Another limiting factor of this study is that manual segmentation is very time-consuming, and a semi-automatic method was used for segmenting all tumours. This method is imperfect, and like all segmentation methods, it has weaknesses (Foster et al. 2014; Im et al. 2018). We used this semi-automatic method of delineating 50% of SUVmax because it was previously described and showed value in predicting PFS (Abdulrezzak et al. 2016; Toriihara et al. 2019). It was also a method that could be implemented in our software and was feasible compared to complete manual segmentations, especially considering the high number of metastases that occurred in some of the patients.

Detectability of tumour lesions in the liver is complicated by a high normal background uptake. Normal hepatic uptake is also influenced by other factors, such as treatment with long-acting somatostatin analogues (Gålne et al. 2019) and the tumour “sink effect” (Beauregard et al. 2012), which likely affect the detection rate of liver metastases, both for manual detection and with AI models. One difference in our study compared to other studies exploring tumour burden is that we have segmented suspected tumour lesions outside the liver with lower uptake than the liver (Thuillier et al. 2022; Wehrend et al. 2021; Carlsen et al. 2022). We included these lesions in the model because tumour burden with an uptake lower than the liver could be important in the clinical setting. Lesions with the lowest SUVmean have shown increased prognostic value compared to the highest SUVmax in [64Cu]Cu-DOTA-TATE PET/CT (Carlsen et al. 2021). These lesions could be of a more aggressive nature with potential uptake of 2-[18F]fluoro-2-deoxy-D-glucose (2-[18F]FDG) if dual-imaging was performed (Chan et al. 2017) or could include necrosis after treatment with PRRT, thus showing treatment response. Segmentation of only lesions with higher uptake than the liver might provide a biased AI model, which would likely segment fewer false positive lesions, giving a higher PPV, potentially resulting in a model that would miss lesions of importance.

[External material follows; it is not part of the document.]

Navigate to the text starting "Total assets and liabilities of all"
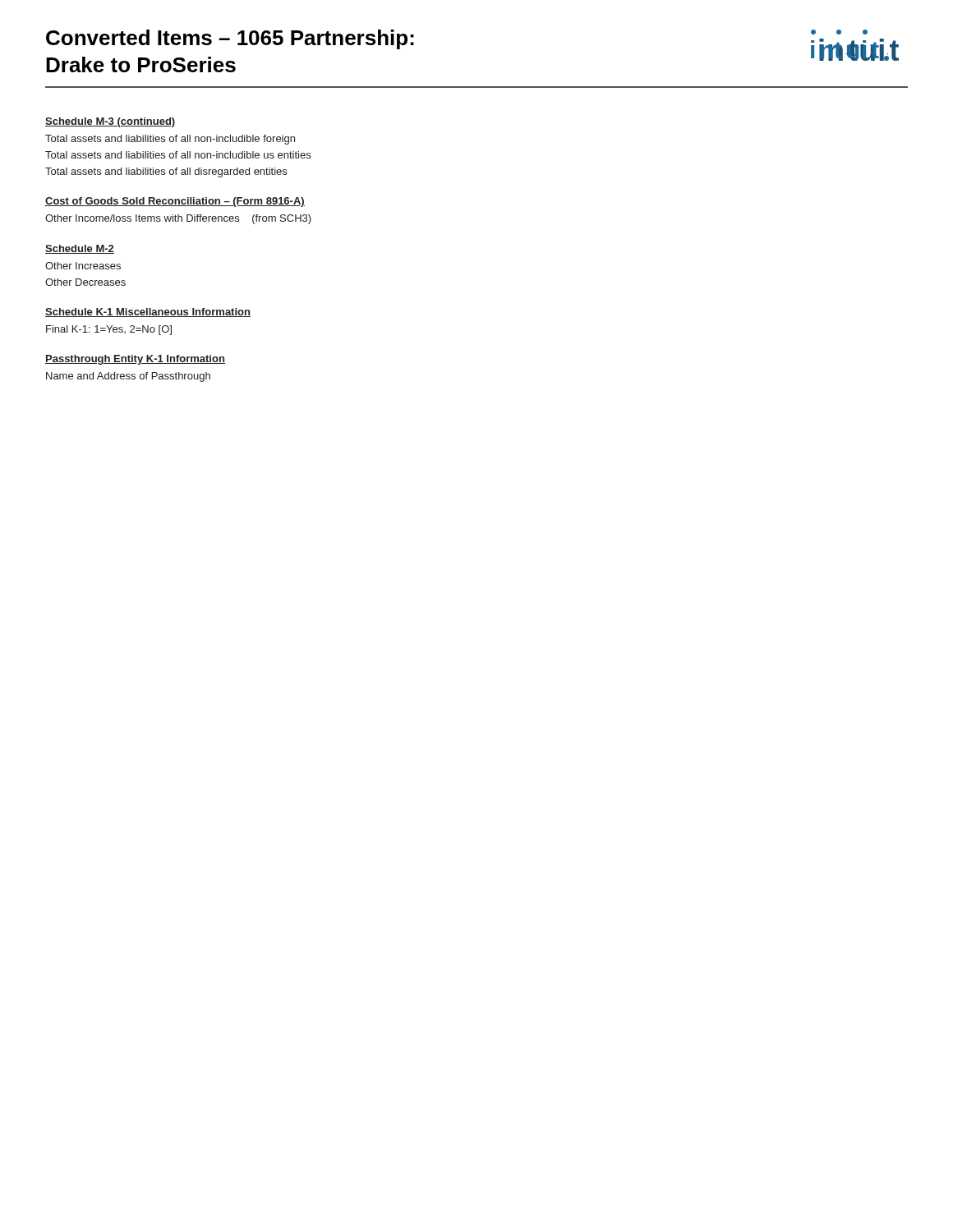Viewport: 953px width, 1232px height. 178,155
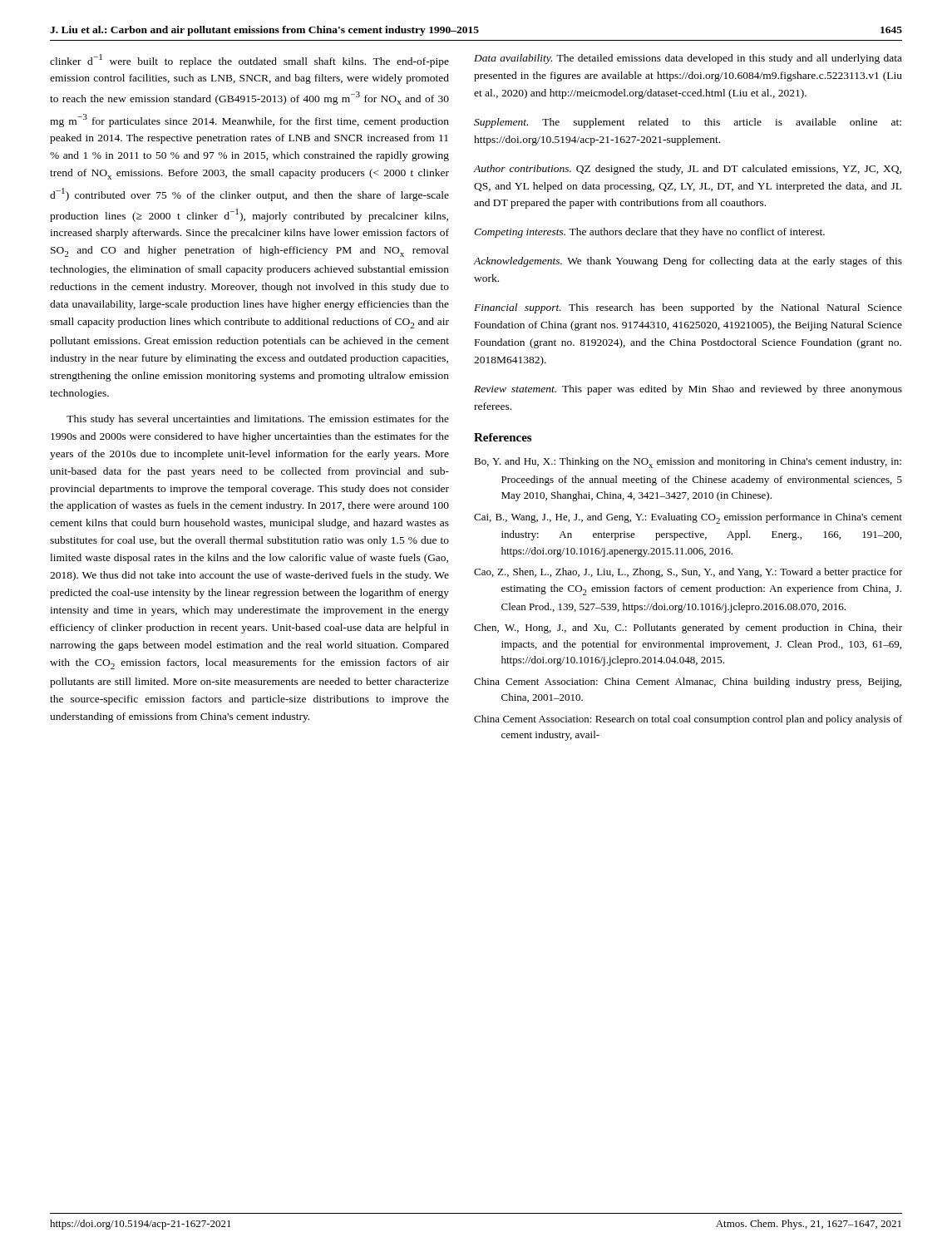The image size is (952, 1247).
Task: Locate the list item containing "Bo, Y. and Hu,"
Action: (x=688, y=478)

Inter-observer variability for SSTR PET/CT has shown consistent and good agreement, but still, both false positive and false negative interpretations of the overall scan result occur, as indicated in our results (Fendler et al. 2017). Some inter-observer variability is also expected because there is a difference in background information given to Reader A relative to the AI model and Reader B, who did not have access to the referral text or written clinical report.

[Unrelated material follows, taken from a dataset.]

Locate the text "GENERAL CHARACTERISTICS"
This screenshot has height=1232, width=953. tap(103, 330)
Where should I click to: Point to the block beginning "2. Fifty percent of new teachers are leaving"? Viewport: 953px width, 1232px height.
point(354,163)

A weakness of this study is the lack of external validation, as recently noted by Pantelis et al. in a review of AI and GEP-NEN (Pantelis et al. 2022). Although external validation was not in the scope of this study, it would have been a significant strength. For clinical validation of the method, we have planned another study to explore the value of the AI model measurements of SRETVwb and TLSREwb on [68Ga]Ga-DOTA-TOC and -TATE PET/CT images concerning PFS and OS after treatment with PRRT.

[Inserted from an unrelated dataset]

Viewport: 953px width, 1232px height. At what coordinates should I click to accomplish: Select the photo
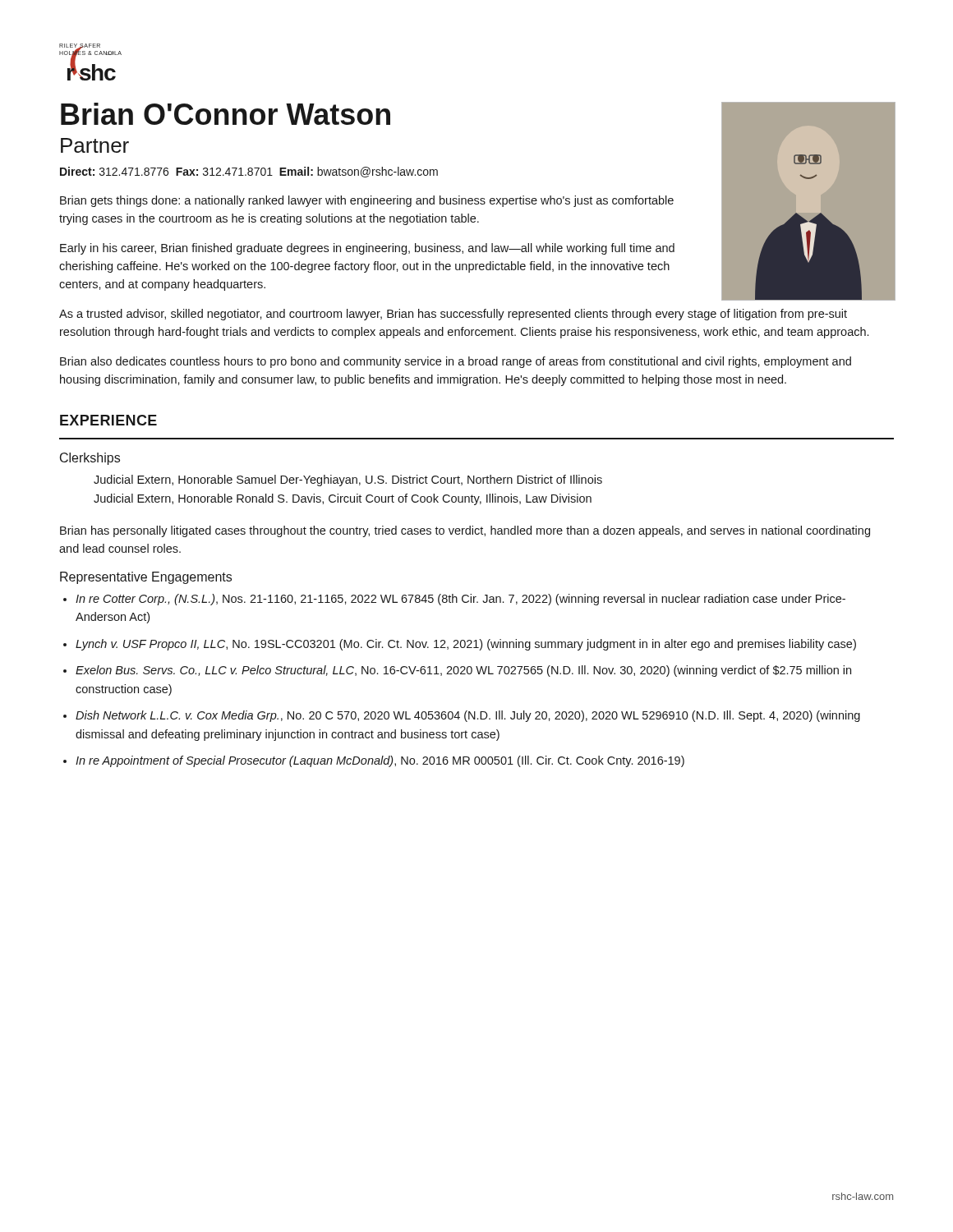click(808, 201)
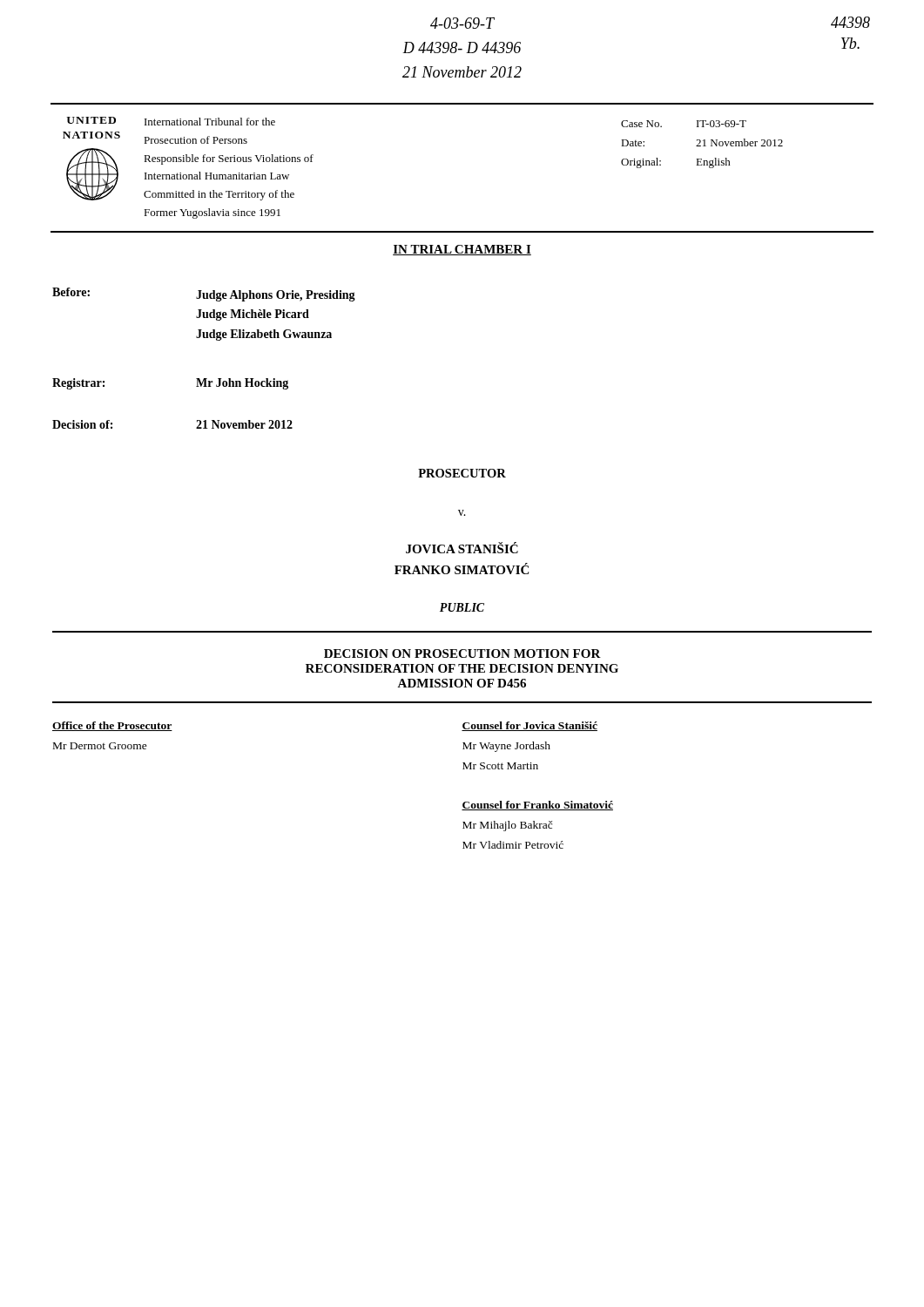Locate the table with the text "Case No. IT-03-69-T Date:"
This screenshot has width=924, height=1307.
pos(747,141)

We do not believe that AI will make radiologists or nuclear medicine specialists obsolete in the near future, but rather increase the value of PET/CT examinations by providing validated imaging biomarkers, such as tumour volume. A future AI method will still require the physician to visually inspect the segmented tumour volume and correct obviously inaccurate lesions. We believe that automated AI models, such as in the field of imaging, could help to improve patient care with better prognostication, prediction of treatment response and for evaluation of follow-up examinations.

Conclusion

To the best of our knowledge, this is the first fully automatic AI model to segment the whole-body somatostatin-expressing tumour volume, SRETVwb, and total lesion somatostatin receptor expression, TLSREwb, on [68Ga]Ga-DOTA-TOC and -TATE PET/CT images. Our AI model showed a good correlation with ground truth with few false positive and false negative lesions per patient. Since segmenting the tumour burden is a time-intensive task, it is not feasible in clinical practice. A clinically validated AI model segmenting neuroendocrine tumour lesions could be of prognostic, as well as predictive value when selecting patients for treatment.